In both world wars and in the Korean War, military pigeons were kept on aeroplanes and warships, carrying messages when equipment failed and even flying with tiny cameras that took pictures of the enemy.

In 1918, the British air force had more than 20,000 pigeons in service, looked after by 380 “pigeoneers”. In the Battle of Marne in 1914, Allied troops prevented the Germans from marching on Paris. As the troops moved, the pigeons’ lofts went with them, yet each of the 72 birds used in the battle found its mobile home.

Also during the First World War, pigeons with message holders on their legs were placed in baskets attached to parachutes and flown over occupied France. The birds were parachuted down to Earth, bearing messages in French and Flemish asking the reader to send back information that might help the British fight the Germans.
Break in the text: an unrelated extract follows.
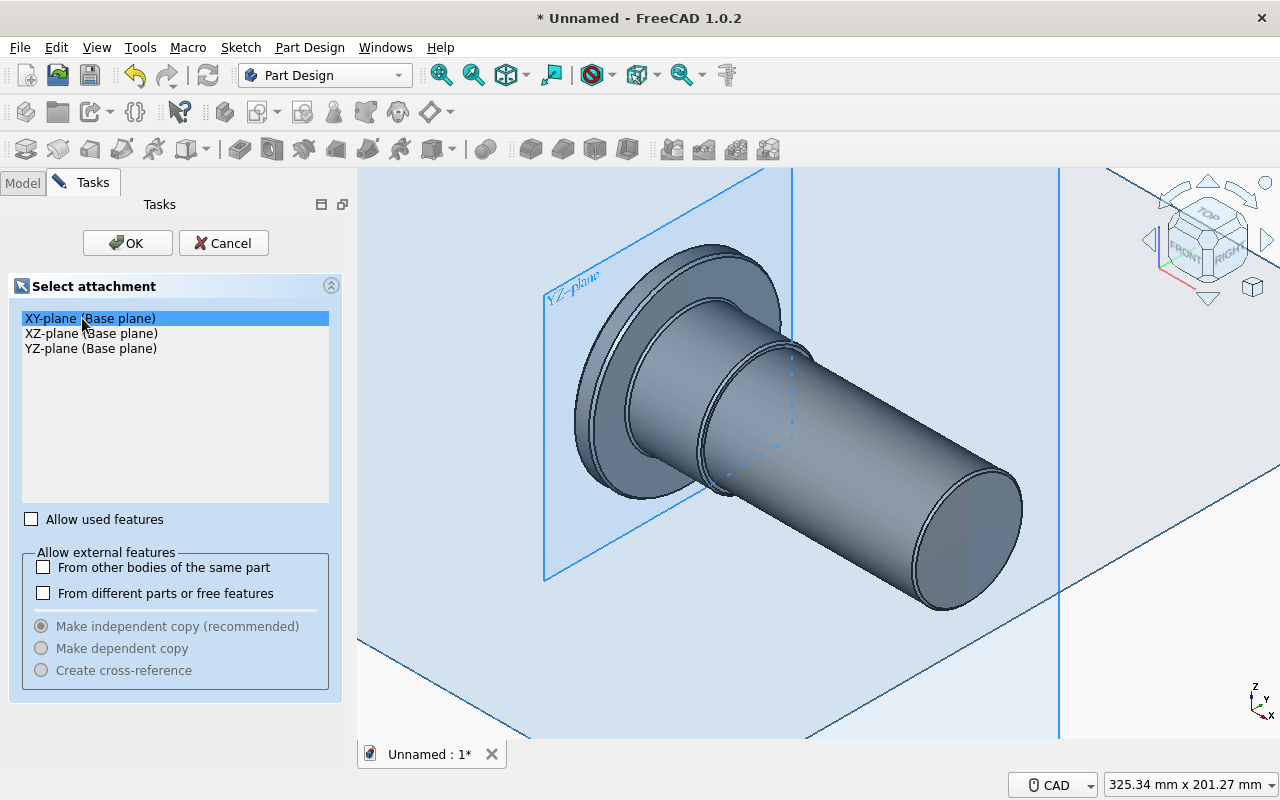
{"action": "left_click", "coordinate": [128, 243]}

In the Second World War, 1,000 British troops defeated the enemy in an Italian village, before discovering that Allied planes were about to bomb the area. The soldiers tried to send a radio message to stop the mission but the radio failed. Instead, a pigeon named GI Joe flew 20 miles in 20 minutes, cancelling the mission minutes before the bombers were due to take off. The Dickin Medal for valour - a British award for animals - was given to 31 Second World War pigeons, including GI Joe and White Vision, who flew 60 miles in ferocious winds and over stormy seas to deliver information on the location of a Catalina Flying Boat and its 11 crew members who were stranded at sea.
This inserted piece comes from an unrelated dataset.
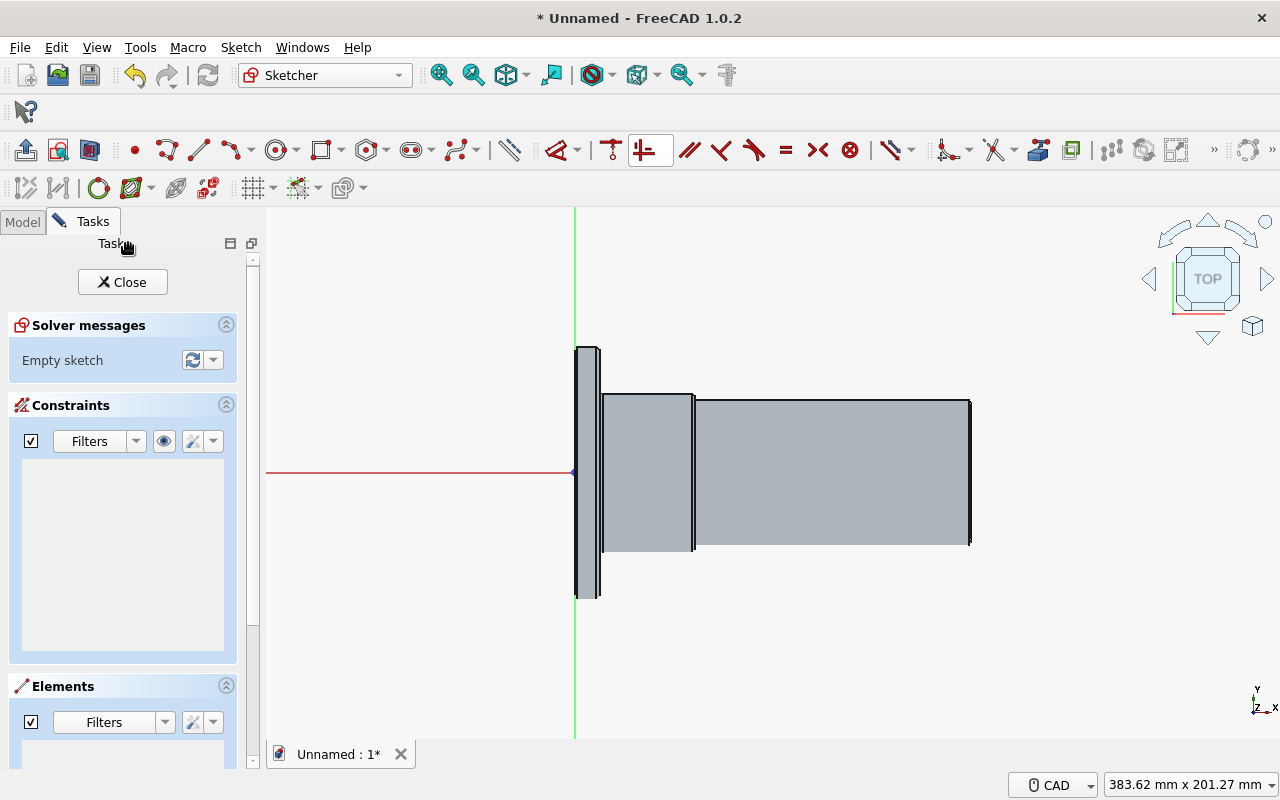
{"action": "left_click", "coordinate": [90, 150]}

Pigeons even made the beginning of a global media giant possible. Reuters news service began life in 1851 as a line of 45 pigeon posts, flying financial news and stock information between Brussels and Aachen in Germany in two hours, instead of eight hours by train.

Most recently, the birds have been recruited to work with American troops in Iraq. However, the job of saving lives is not as glamorous as that of their forefathers. This time the pigeons’ mission is to help warn of chemical attacks. They travel in armed vehicles with handlers and if one pigeon dies suddenly this could indicate the presence of nerve and chemical agents.